Con la Passione di Cristo davanti agli occhi, migliaia di anime hanno accettato le sofferenze, sopportandole spesso con un sorriso sulle labbra, confortando gli afflitti parenti ed amici, diventando spesso e per anni il centro di un vasto movimento spirituale e di meditazione, sollevando con le loro parole di incoraggiamento medici e infermieri, costretti ad applicare dolorose cure.
La sofferenza vissuta da ragazzi, adolescenti e giovani è ancora più straziante, perché oltre il dolore è visibile una vitalità tipica dell’età, compressa e bloccata dal male e dallo stare a letto. Inoltre, in tanti colpisce la serenità e l’accettazione della volontà di Dio, a volte difficile a trovarsi negli adulti.

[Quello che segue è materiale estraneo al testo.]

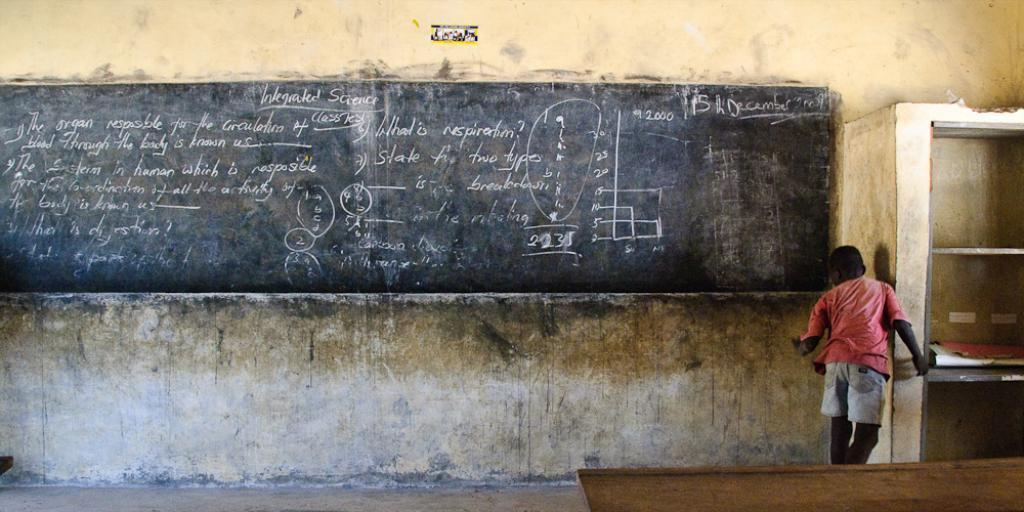What is present in the image? There is a person in the image. What is the person wearing? The person is wearing a red shirt and white shorts. What can be seen in the background of the image? There is a black color board in the background. How is the black color board positioned in the image? The black color board is attached to the wall. What is the color of the wall? The wall is in cream color. Can you tell me how many geese are present in the image? There are no geese present in the image; it features a person wearing a red shirt and white shorts, with a black color board in the background attached to a cream-colored wall.

La Chiesa, le comunità parrocchiali e civili, le associazioni e i movimenti, gli stessi parenti ed amici hanno provveduto, dopo la loro morte, a trasmettere in vari modi i messaggi emanati con la loro, sia pur breve, vicenda terrena, ma soprattutto ad additarne gli esempi al distratto, convulso, frettoloso, mondo dei giovani d’oggi. Alcuni sono Servi di Dio, altri Venerabili o già Beati e Santi, altri ancora vengono definiti Testimoni della fede del nostro tempo. Alla prima categoria appartiene Francesco Maione.
Infanzia e primi anni
Nacque il 2 ottobre 1840 a Sant’Anastasia, comune in provincia di Napoli e diocesi di Nola, alle falde del Vesuvio, famoso per il Santuario della Madonna dell’Arco e perché luogo d’origine del chierico barnabita Francesco Maria Castelli, morto a 19 anni nel 1771 (attualmente Venerabile). I suoi genitori, Sabato Maione e Teresa Pellegrino, erano tanto poveri quanto religiosi: lui era contadino, mentre lei era esperta nella lavorazione della lana.
Francesco ricevette insieme ai suoi fratelli un’educazione esemplare, soprattutto sotto l’aspetto religioso. Si distingueva dagli altri bambini di Sant’Anastasia per l’assiduità con cui partecipava alla Messa domenicale e alla catechesi.
Disabile ricoverato ai Pellegrini e agli Incurabili
Intanto, non si sviluppò bene nel fisico: assai debilitato e deturpato da gibbosità, presentava una progressiva inabilità degli arti inferiori, causata da una degenerazione ossea. Nonostante ciò, quando ebbe circa otto anni fu preso come apprendista presso un calzolaio. A 14 anni, per una caduta, si ruppe le gambe e divenne dapprima paralizzato, poi costretto a letto; poco prima, era rimasto orfano della madre.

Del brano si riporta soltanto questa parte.